WHAT IS NEEDED:
Transcribe each record exactly, but omit pictures.
== SUPPLIED RECORDS ==
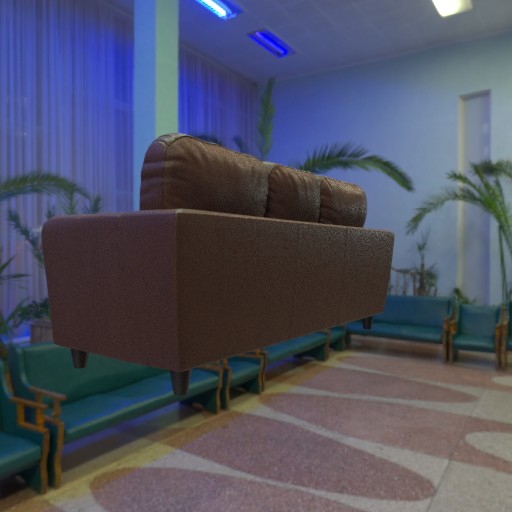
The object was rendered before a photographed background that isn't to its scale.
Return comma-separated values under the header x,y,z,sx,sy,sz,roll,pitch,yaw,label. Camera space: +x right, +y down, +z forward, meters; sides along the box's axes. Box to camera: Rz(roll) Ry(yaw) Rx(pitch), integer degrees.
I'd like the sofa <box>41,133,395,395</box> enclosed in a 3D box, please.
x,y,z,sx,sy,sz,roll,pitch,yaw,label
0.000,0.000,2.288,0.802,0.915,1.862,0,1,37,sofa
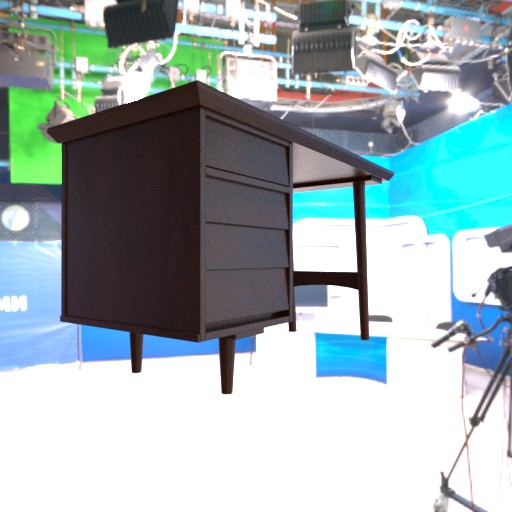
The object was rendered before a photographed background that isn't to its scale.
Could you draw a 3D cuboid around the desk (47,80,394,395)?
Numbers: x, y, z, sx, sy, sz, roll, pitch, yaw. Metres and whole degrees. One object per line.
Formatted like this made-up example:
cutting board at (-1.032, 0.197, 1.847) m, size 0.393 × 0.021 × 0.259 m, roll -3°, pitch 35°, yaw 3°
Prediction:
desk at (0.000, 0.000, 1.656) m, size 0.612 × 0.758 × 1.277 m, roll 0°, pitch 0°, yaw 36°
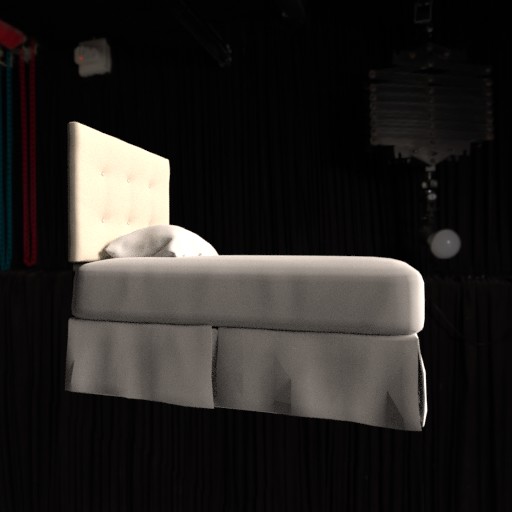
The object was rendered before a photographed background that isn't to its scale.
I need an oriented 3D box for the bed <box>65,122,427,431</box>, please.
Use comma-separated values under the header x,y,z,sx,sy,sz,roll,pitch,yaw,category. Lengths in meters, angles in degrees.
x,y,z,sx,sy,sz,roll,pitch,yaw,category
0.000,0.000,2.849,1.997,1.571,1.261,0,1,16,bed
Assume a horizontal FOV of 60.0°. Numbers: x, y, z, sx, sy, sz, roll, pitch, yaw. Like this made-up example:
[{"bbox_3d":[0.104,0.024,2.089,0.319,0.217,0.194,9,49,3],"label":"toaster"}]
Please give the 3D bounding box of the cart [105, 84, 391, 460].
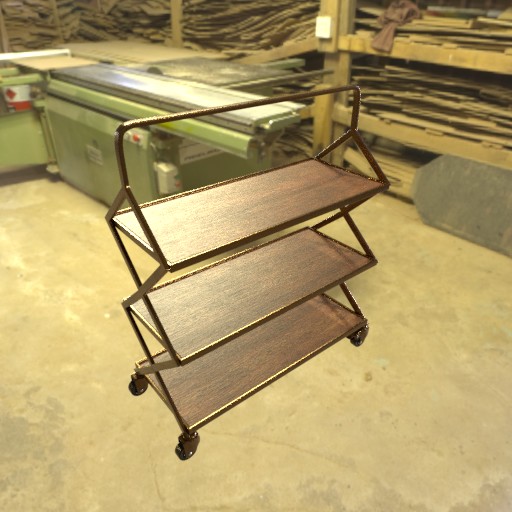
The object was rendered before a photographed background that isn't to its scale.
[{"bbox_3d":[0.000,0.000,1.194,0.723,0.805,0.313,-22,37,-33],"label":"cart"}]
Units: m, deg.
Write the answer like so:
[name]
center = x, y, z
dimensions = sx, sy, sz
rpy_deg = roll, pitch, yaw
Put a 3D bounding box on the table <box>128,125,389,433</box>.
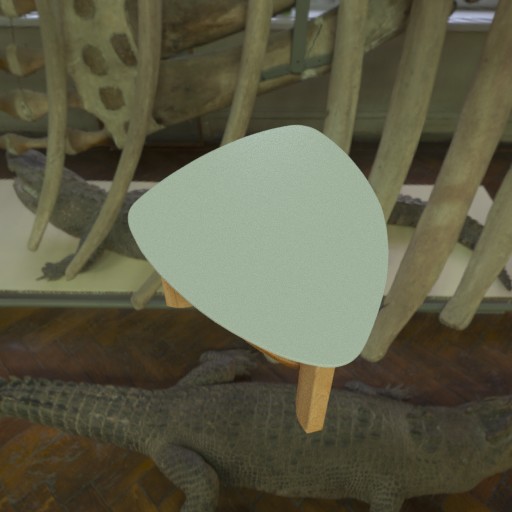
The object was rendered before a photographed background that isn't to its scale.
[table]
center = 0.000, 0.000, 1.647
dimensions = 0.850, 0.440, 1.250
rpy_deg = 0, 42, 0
===
REPLY TO THE TASK:
The object was rendered before a photographed background that isn't to its scale.
Return comma-separated values under the header x,y,z,sx,sy,sz,roll,pitch,yaw,label. Camera space: +x right, +y down, +z forward, meters; sides along the box's axes. Box to camera: Rz(roll) Ry(yaw) Rx(pitch), integer degrees.
I'd like the sofa <box>41,133,395,395</box> enclosed in a 3D box, please.
x,y,z,sx,sy,sz,roll,pitch,yaw,label
0.000,0.000,2.288,0.802,0.915,1.862,0,1,37,sofa
The object was rendered before a photographed background that isn't to its scale.
Could you draw a 3D cuboid around the desk (47,80,394,395)?
Numbers: x, y, z, sx, sy, sz, roll, pitch, yaw. Metres and whole degrees. One object per line.
Formatted like this made-up example:
cutting board at (-1.032, 0.197, 1.847) m, size 0.393 × 0.021 × 0.259 m, roll -3°, pitch 35°, yaw 3°
Prediction:
desk at (0.000, 0.000, 1.656) m, size 0.612 × 0.758 × 1.277 m, roll 0°, pitch 0°, yaw 36°
The object was rendered before a photographed background that isn't to its scale.
I need an oriented 3D box for the bed <box>65,122,427,431</box>, please.
Use comma-separated values under the header x,y,z,sx,sy,sz,roll,pitch,yaw,category. Lengths in meters, angles in degrees.
x,y,z,sx,sy,sz,roll,pitch,yaw,category
0.000,0.000,2.849,1.997,1.571,1.261,0,1,16,bed
Assume a horizontal FOV of 60.0°. Numbers: x, y, z, sx, sy, sz, roll, pitch, yaw. Like this made-up example:
[{"bbox_3d":[0.104,0.024,2.089,0.319,0.217,0.194,9,49,3],"label":"toaster"}]
Please give the 3D bounding box of the cart [105, 84, 391, 460].
The object was rendered before a photographed background that isn't to its scale.
[{"bbox_3d":[0.000,0.000,1.194,0.723,0.805,0.313,-22,37,-33],"label":"cart"}]
Units: m, deg.
Write the answer like so:
[name]
center = x, y, z
dimensions = sx, sy, sz
rpy_deg = roll, pitch, yaw
Put a 3D bounding box on the table <box>128,125,389,433</box>.
The object was rendered before a photographed background that isn't to its scale.
[table]
center = 0.000, 0.000, 1.647
dimensions = 0.850, 0.440, 1.250
rpy_deg = 0, 42, 0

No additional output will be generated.